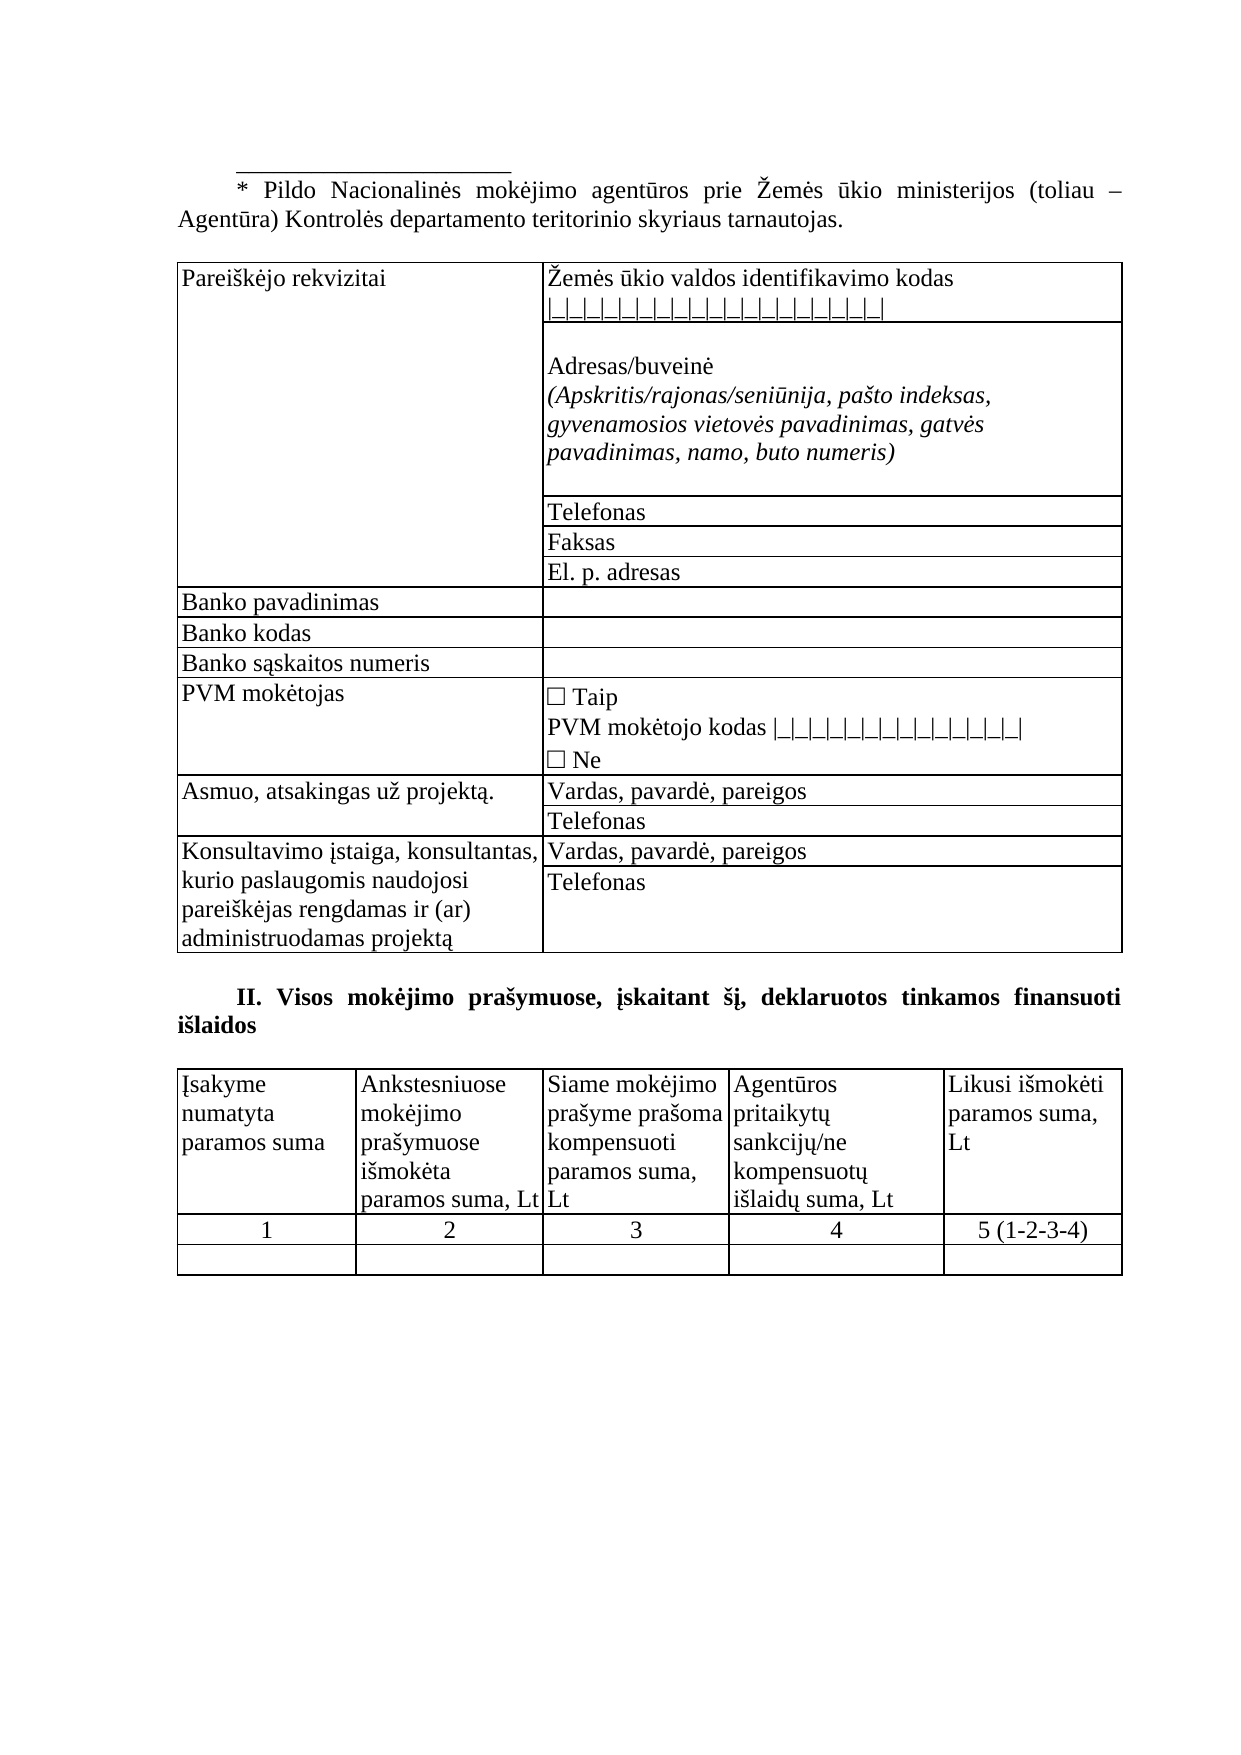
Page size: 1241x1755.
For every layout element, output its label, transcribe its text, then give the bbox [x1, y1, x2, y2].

text * Pildo Nacionalinės mokėjimo agentūros prie Žemės ūkio ministerijos (toliau – Agentūra) Kontrolės departamento teritorinio skyriaus tarnautojas. [177, 176, 1122, 233]
table_header Įsakyme numatyta paramos suma [178, 1070, 355, 1213]
table_cell Telefonas [544, 806, 1121, 835]
table_cell [945, 1245, 1121, 1274]
table_cell 3 [544, 1215, 728, 1244]
table_cell Telefonas [544, 497, 1121, 525]
table_cell □ Taip PVM mokėtojo kodas |_|_|_|_|_|_|_|_|_|_|_|_|_|_| □ Ne [544, 678, 1121, 774]
table_cell [544, 618, 1121, 647]
table_cell El. p. adresas [544, 557, 1121, 586]
table_cell [544, 1245, 728, 1274]
table_header Pareiškėjo rekvizitai [178, 263, 542, 586]
text ______________________ [177, 147, 1122, 176]
table_cell 4 [730, 1215, 943, 1244]
table_cell [178, 1245, 355, 1274]
table_cell [544, 588, 1121, 616]
table_cell [544, 648, 1121, 677]
table_cell Vardas, pavardė, pareigos [544, 776, 1121, 804]
table_cell PVM mokėtojas [178, 678, 542, 774]
table_header Siame mokėjimo prašyme prašoma kompensuoti paramos suma, Lt [544, 1070, 728, 1213]
table_cell Telefonas [544, 867, 1121, 951]
table_cell Banko pavadinimas [178, 588, 542, 616]
table_cell Faksas [544, 527, 1121, 556]
table_header Ankstesniuose mokėjimo prašymuose išmokėta paramos suma, Lt [357, 1070, 542, 1213]
table_header Žemės ūkio valdos identifikavimo kodas |_|_|_|_|_|_|_|_|_|_|_|_|_|_|_|_|_|_|_| [544, 263, 1121, 321]
table_header Agentūros pritaikytų sankcijų/ne kompensuotų išlaidų suma, Lt [730, 1070, 943, 1213]
table_cell Banko sąskaitos numeris [178, 648, 542, 677]
table_cell Adresas/buveinė (Apskritis/rajonas/seniūnija, pašto indeksas, gyvenamosios vietovės pavadinimas, gatvės pavadinimas, namo, buto numeris) [544, 323, 1121, 495]
table_cell Banko kodas [178, 618, 542, 647]
table_cell [357, 1245, 542, 1274]
table_cell [730, 1245, 943, 1274]
table_cell 2 [357, 1215, 542, 1244]
table_cell Konsultavimo įstaiga, konsultantas, kurio paslaugomis naudojosi pareiškėjas rengdamas ir (ar) administruodamas projektą [178, 837, 542, 951]
table_cell 5 (1-2-3-4) [945, 1215, 1121, 1244]
table_cell Vardas, pavardė, pareigos [544, 837, 1121, 865]
text II. Visos mokėjimo prašymuose, įskaitant šį, deklaruotos tinkamos finansuoti išlaidos [177, 982, 1122, 1039]
table_cell 1 [178, 1215, 355, 1244]
table_header Likusi išmokėti paramos suma, Lt [945, 1070, 1121, 1213]
table_cell Asmuo, atsakingas už projektą. [178, 776, 542, 835]
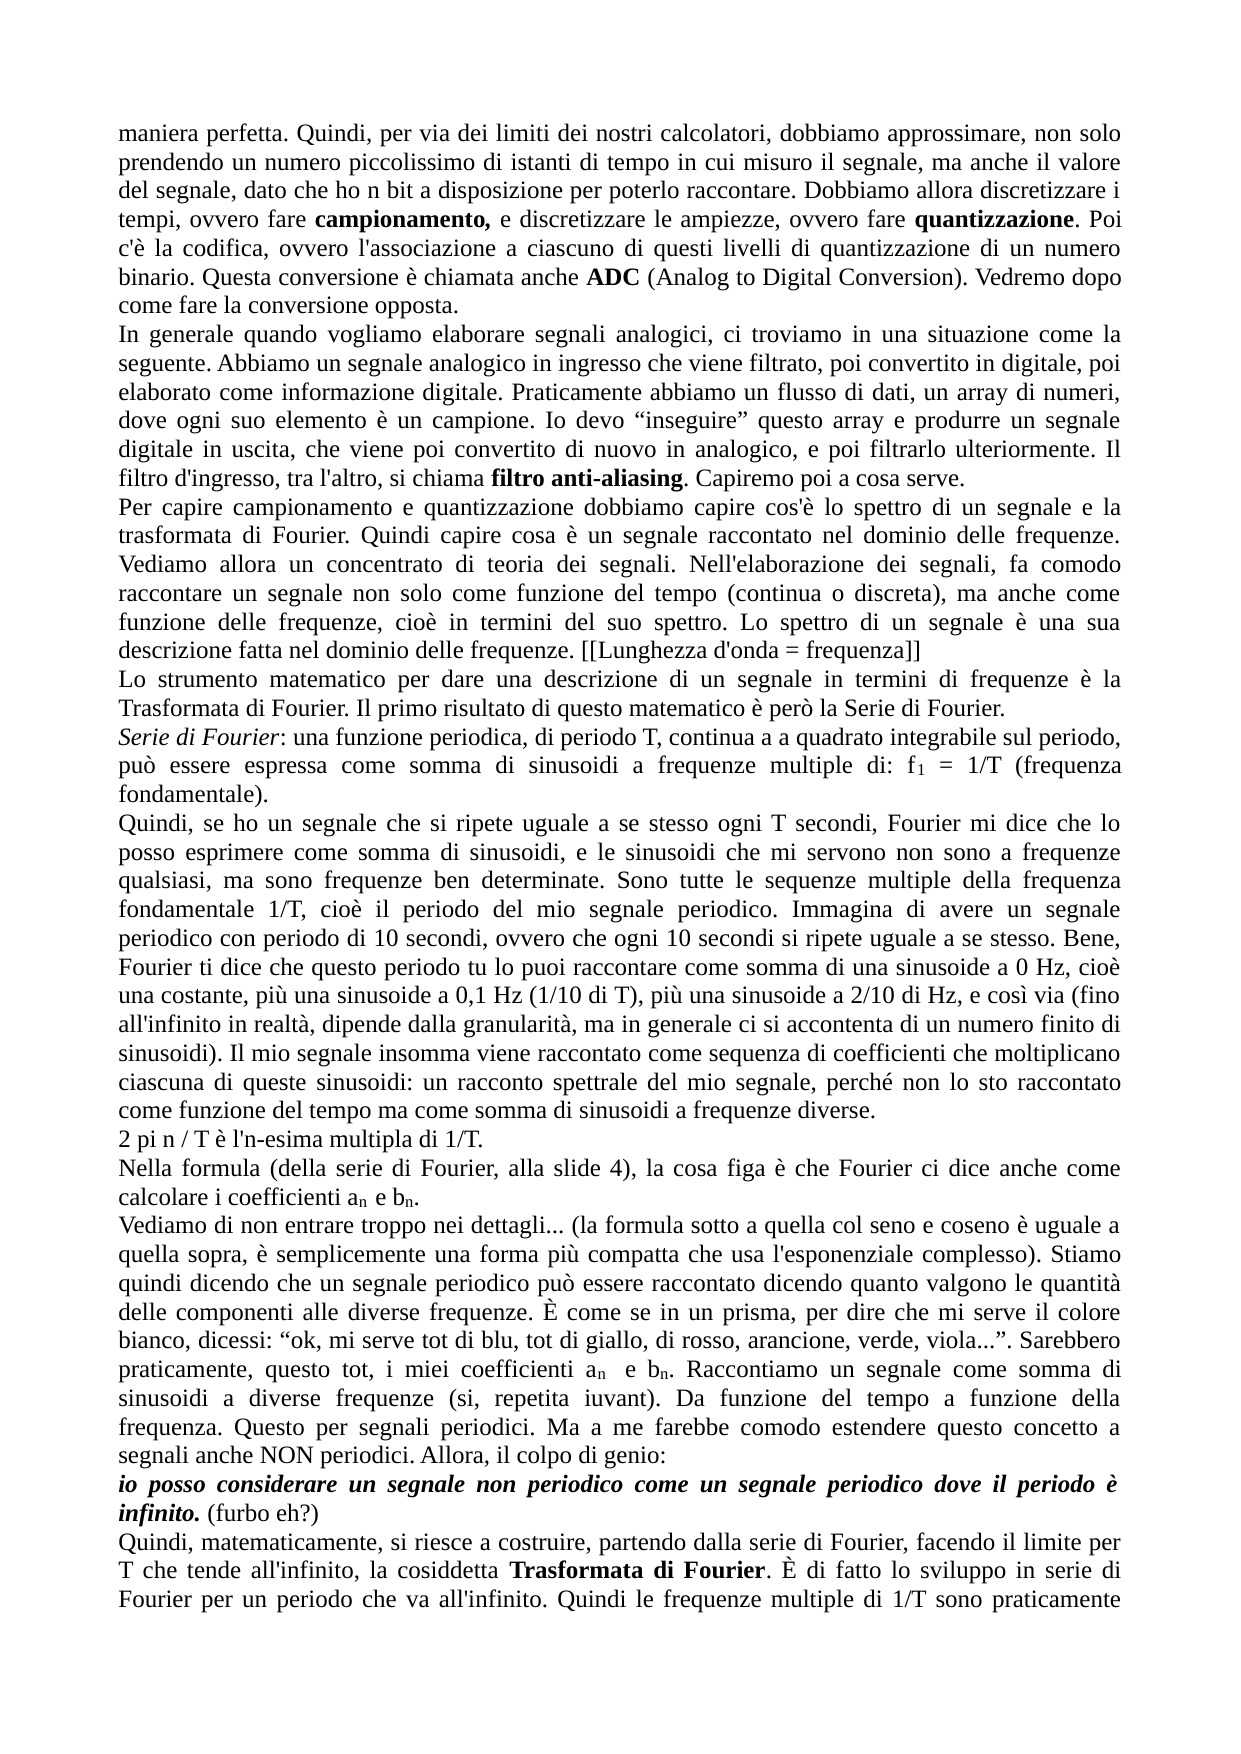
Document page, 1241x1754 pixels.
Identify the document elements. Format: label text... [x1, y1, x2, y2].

text Vediamo di non entrare troppo nei dettagli... (la formula sotto a quella col seno e coseno è uguale a quella sopra, è semplicemente una forma più compatta che usa l'esponenziale complesso). Stiamo quindi dicendo che un segnale periodico può essere raccontato dicendo quanto valgono le quantità delle componenti alle diverse frequenze. È come se in un prisma, per dire che mi serve il colore bianco, dicessi: “ok, mi serve tot di blu, tot di giallo, di rosso, arancione, verde, viola...”. Sarebbero praticamente, questo tot, i miei coefficienti an e bn. Raccontiamo un segnale come somma di sinusoidi a diverse frequenze (si, repetita iuvant). Da funzione del tempo a funzione della frequenza. Questo per segnali periodici. Ma a me farebbe comodo estendere questo concetto a segnali anche NON periodici. Allora, il colpo di genio: [118, 1211, 1122, 1469]
text Quindi, matematicamente, si riesce a costruire, partendo dalla serie di Fourier, facendo il limite per T che tende all'infinito, la cosiddetta Trasformata di Fourier. È di fatto lo sviluppo in serie di Fourier per un periodo che va all'infinito. Quindi le frequenze multiple di 1/T sono praticamente [118, 1527, 1122, 1613]
text maniera perfetta. Quindi, per via dei limiti dei nostri calcolatori, dobbiamo approssimare, non solo prendendo un numero piccolissimo di istanti di tempo in cui misuro il segnale, ma anche il valore del segnale, dato che ho n bit a disposizione per poterlo raccontare. Dobbiamo allora discretizzare i tempi, ovvero fare campionamento, e discretizzare le ampiezze, ovvero fare quantizzazione. Poi c'è la codifica, ovvero l'associazione a ciascuno di questi livelli di quantizzazione di un numero binario. Questa conversione è chiamata anche ADC (Analog to Digital Conversion). Vedremo dopo come fare la conversione opposta. [118, 118, 1122, 319]
text In generale quando vogliamo elaborare segnali analogici, ci troviamo in una situazione come la seguente. Abbiamo un segnale analogico in ingresso che viene filtrato, poi convertito in digitale, poi elaborato come informazione digitale. Praticamente abbiamo un flusso di dati, un array di numeri, dove ogni suo elemento è un campione. Io devo “inseguire” questo array e produrre un segnale digitale in uscita, che viene poi convertito di nuovo in analogico, e poi filtrarlo ulteriormente. Il filtro d'ingresso, tra l'altro, si chiama filtro anti-aliasing. Capiremo poi a cosa serve. [118, 319, 1122, 492]
text Nella formula (della serie di Fourier, alla slide 4), la cosa figa è che Fourier ci dice anche come calcolare i coefficienti an e bn. [118, 1153, 1122, 1211]
text 2 pi n / T è l'n-esima multipla di 1/T. [118, 1124, 1122, 1153]
text Per capire campionamento e quantizzazione dobbiamo capire cos'è lo spettro di un segnale e la trasformata di Fourier. Quindi capire cosa è un segnale raccontato nel dominio delle frequenze. Vediamo allora un concentrato di teoria dei segnali. Nell'elaborazione dei segnali, fa comodo raccontare un segnale non solo come funzione del tempo (continua o discreta), ma anche come funzione delle frequenze, cioè in termini del suo spettro. Lo spettro di un segnale è una sua descrizione fatta nel dominio delle frequenze. [[Lunghezza d'onda = frequenza]] [118, 492, 1122, 664]
text Quindi, se ho un segnale che si ripete uguale a se stesso ogni T secondi, Fourier mi dice che lo posso esprimere come somma di sinusoidi, e le sinusoidi che mi servono non sono a frequenze qualsiasi, ma sono frequenze ben determinate. Sono tutte le sequenze multiple della frequenza fondamentale 1/T, cioè il periodo del mio segnale periodico. Immagina di avere un segnale periodico con periodo di 10 secondi, ovvero che ogni 10 secondi si ripete uguale a se stesso. Bene, Fourier ti dice che questo periodo tu lo puoi raccontare come somma di una sinusoide a 0 Hz, cioè una costante, più una sinusoide a 0,1 Hz (1/10 di T), più una sinusoide a 2/10 di Hz, e così via (fino all'infinito in realtà, dipende dalla granularità, ma in generale ci si accontenta di un numero finito di sinusoidi). Il mio segnale insomma viene raccontato come sequenza di coefficienti che moltiplicano ciascuna di queste sinusoidi: un racconto spettrale del mio segnale, perché non lo sto raccontato come funzione del tempo ma come somma di sinusoidi a frequenze diverse. [118, 808, 1122, 1124]
text Serie di Fourier: una funzione periodica, di periodo T, continua a a quadrato integrabile sul periodo, può essere espressa come somma di sinusoidi a frequenze multiple di: f1 = 1/T (frequenza fondamentale). [118, 722, 1122, 808]
text io posso considerare un segnale non periodico come un segnale periodico dove il periodo è infinito. (furbo eh?) [118, 1469, 1122, 1527]
text Lo strumento matematico per dare una descrizione di un segnale in termini di frequenze è la Trasformata di Fourier. Il primo risultato di questo matematico è però la Serie di Fourier. [118, 664, 1122, 722]
------------------------------------------------------------------------
- [ACTION ITEM]:
From the first line of the entries above through the line with "table_cell Telefonas [544, 497, 1121, 525]", set down each line exactly and drop the pictures.

- [ANSWER TO THE EXERCISE]:
Page size: 1241x1755.
For every layout element, output its label, transcribe its text, then give the bbox [x1, y1, x2, y2].

text * Pildo Nacionalinės mokėjimo agentūros prie Žemės ūkio ministerijos (toliau – Agentūra) Kontrolės departamento teritorinio skyriaus tarnautojas. [177, 176, 1122, 233]
table_header Įsakyme numatyta paramos suma [178, 1070, 355, 1213]
table_cell Telefonas [544, 806, 1121, 835]
table_cell [945, 1245, 1121, 1274]
table_cell 3 [544, 1215, 728, 1244]
table_cell Telefonas [544, 497, 1121, 525]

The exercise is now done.